Received 21 June 2017; Accepted 20 November 2017; Published 13 December 2017

Academic Editor: Mohammad Mansoob Khan

Copyright © 2017 Hiroaki Mamiya et al. This is an open access article distributed under the Creative Commons Attribution License, which permits unrestricted use, distribution, and reproduction in any medium, provided the original work is properly cited.

Abstract

Magnetic fluid hyperthermia therapy is considered as a promising treatment for cancers including unidentifiable metastatic cancers that are scattered across the whole body. However, a recent study on heat transfer simulated on a human body model showed a serious side effect: occurrences of hot spots in normal tissues due to eddy current loss induced by variation in the irradiated magnetic field. The indicated allowable upper limit of field amplitude for constant irradiation over the entire human body corresponded to approximately 100 Oe at a frequency of 25 kHz.
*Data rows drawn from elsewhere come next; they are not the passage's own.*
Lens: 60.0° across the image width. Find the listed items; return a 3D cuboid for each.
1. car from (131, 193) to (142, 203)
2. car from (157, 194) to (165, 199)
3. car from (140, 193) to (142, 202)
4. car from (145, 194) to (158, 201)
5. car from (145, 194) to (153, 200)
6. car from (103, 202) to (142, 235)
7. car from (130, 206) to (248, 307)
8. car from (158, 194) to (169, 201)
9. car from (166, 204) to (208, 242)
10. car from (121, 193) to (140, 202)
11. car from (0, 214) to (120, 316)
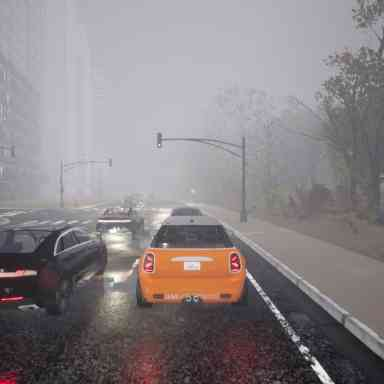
[{"bbox_3d":[-11.666,1.167,70.035,2.150,2.045,5.566,0,0,-8],"label":"car"},{"bbox_3d":[-8.562,1.260,91.022,1.812,1.442,4.674,0,0,-10],"label":"car"},{"bbox_3d":[-10.243,1.464,58.588,1.837,1.490,4.892,0,0,-7],"label":"car"},{"bbox_3d":[-9.950,1.399,80.140,1.882,1.535,5.008,0,0,-9],"label":"car"},{"bbox_3d":[-11.760,1.217,90.443,1.882,1.535,5.008,0,0,-10],"label":"car"},{"bbox_3d":[-3.513,1.487,16.895,2.128,1.511,4.902,0,0,-2],"label":"car"},{"bbox_3d":[-0.020,1.350,8.116,2.097,1.767,4.553,0,0,-1],"label":"car"},{"bbox_3d":[-6.813,1.512,81.077,1.895,1.301,4.718,0,0,-10],"label":"car"},{"bbox_3d":[-0.285,1.472,17.338,1.882,1.535,5.008,0,0,-1],"label":"car"},{"bbox_3d":[-9.158,1.325,48.692,2.097,1.767,4.553,0,0,-6],"label":"car"},{"bbox_3d":[-3.257,1.490,7.466,2.128,1.511,4.902,0,0,-1],"label":"car"}]
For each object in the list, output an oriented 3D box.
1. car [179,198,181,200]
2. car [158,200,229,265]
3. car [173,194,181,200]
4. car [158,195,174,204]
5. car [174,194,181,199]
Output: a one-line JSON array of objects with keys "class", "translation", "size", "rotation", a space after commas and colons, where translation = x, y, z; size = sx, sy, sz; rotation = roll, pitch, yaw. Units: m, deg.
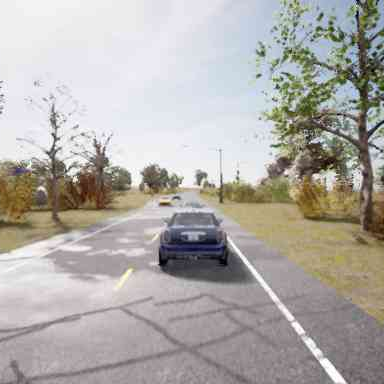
[{"class": "car", "translation": [-0.005, 1.469, 27.117], "size": [1.837, 1.490, 4.892], "rotation": [0, 1, 0]}, {"class": "car", "translation": [0.052, 1.335, 11.722], "size": [2.097, 1.767, 4.553], "rotation": [0, 0, 0]}, {"class": "car", "translation": [-3.895, 1.214, 87.111], "size": [1.812, 1.442, 4.674], "rotation": [0, 0, 0]}, {"class": "car", "translation": [-3.986, 1.389, 49.992], "size": [1.882, 1.535, 5.008], "rotation": [0, 0, -3]}, {"class": "car", "translation": [-3.740, 1.232, 79.878], "size": [1.895, 1.301, 4.718], "rotation": [0, 0, -2]}]
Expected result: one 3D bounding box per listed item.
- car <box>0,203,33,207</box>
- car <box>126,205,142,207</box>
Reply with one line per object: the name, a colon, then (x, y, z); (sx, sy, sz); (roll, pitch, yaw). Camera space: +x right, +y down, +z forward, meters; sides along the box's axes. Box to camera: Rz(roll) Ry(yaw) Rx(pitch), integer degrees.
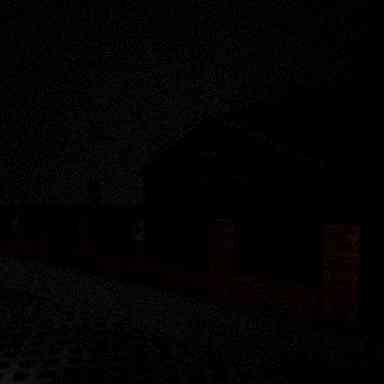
car: (-11.899, 1.512, 20.788); (2.097, 1.767, 4.553); (-1, -1, 35)
car: (-5.314, 1.855, 30.108); (1.994, 1.385, 4.181); (-1, -1, 35)
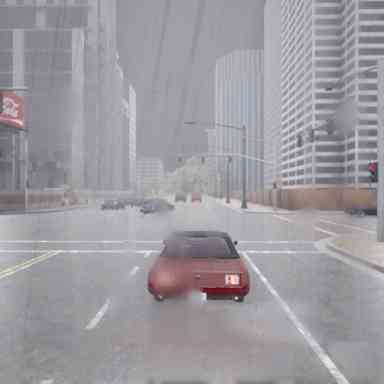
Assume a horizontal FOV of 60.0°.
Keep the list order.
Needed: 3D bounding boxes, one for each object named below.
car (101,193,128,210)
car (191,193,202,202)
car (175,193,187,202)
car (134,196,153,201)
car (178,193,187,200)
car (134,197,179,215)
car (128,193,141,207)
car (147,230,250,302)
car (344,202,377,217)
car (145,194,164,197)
[{"bbox_3d":[-10.049,1.352,42.383,2.097,1.767,4.553,0,0,1],"label":"car"},{"bbox_3d":[0.966,1.216,73.292,2.150,2.045,5.566,0,0,1],"label":"car"},{"bbox_3d":[-2.533,1.216,73.339,2.150,2.045,5.566,0,0,1],"label":"car"},{"bbox_3d":[-6.489,1.601,46.764,1.895,1.301,4.718,0,0,1],"label":"car"},{"bbox_3d":[-2.390,1.184,83.979,2.097,1.767,4.553,0,0,1],"label":"car"},{"bbox_3d":[-3.485,1.547,33.713,2.033,1.411,5.357,0,0,17],"label":"car"},{"bbox_3d":[-9.900,1.221,51.965,2.150,2.045,5.566,0,0,1],"label":"car"},{"bbox_3d":[0.206,1.601,8.219,1.895,1.301,4.718,0,0,2],"label":"car"},{"bbox_3d":[16.512,1.601,30.358,4.718,1.301,1.895,0,0,0],"label":"car"},{"bbox_3d":[-6.349,1.564,56.767,1.994,1.385,4.181,0,0,0],"label":"car"}]

The limit corresponds to the value of 2.5 × 106 Oe·s−1 and is significantly lower than the conventionally accepted criteria of 6 × 107 Oe·s−1. The present study involved evaluating maximum performance of conventional magnetic fluid hyperthermia cancer therapy below the afore-mentioned limit, and this was followed by discussing alternative methods not bound by standard frameworks by considering steady heat flow from equilibrium responses of stable nanoparticles. Consequently, the clarified potentials of quasi-stable core-shell nanoparticles, dynamic alignment of easy axes, and short pulse irradiation indicate that the whole-body magnetic fluid hyperthermia treatment is still a possible candidate for future cancer therapy.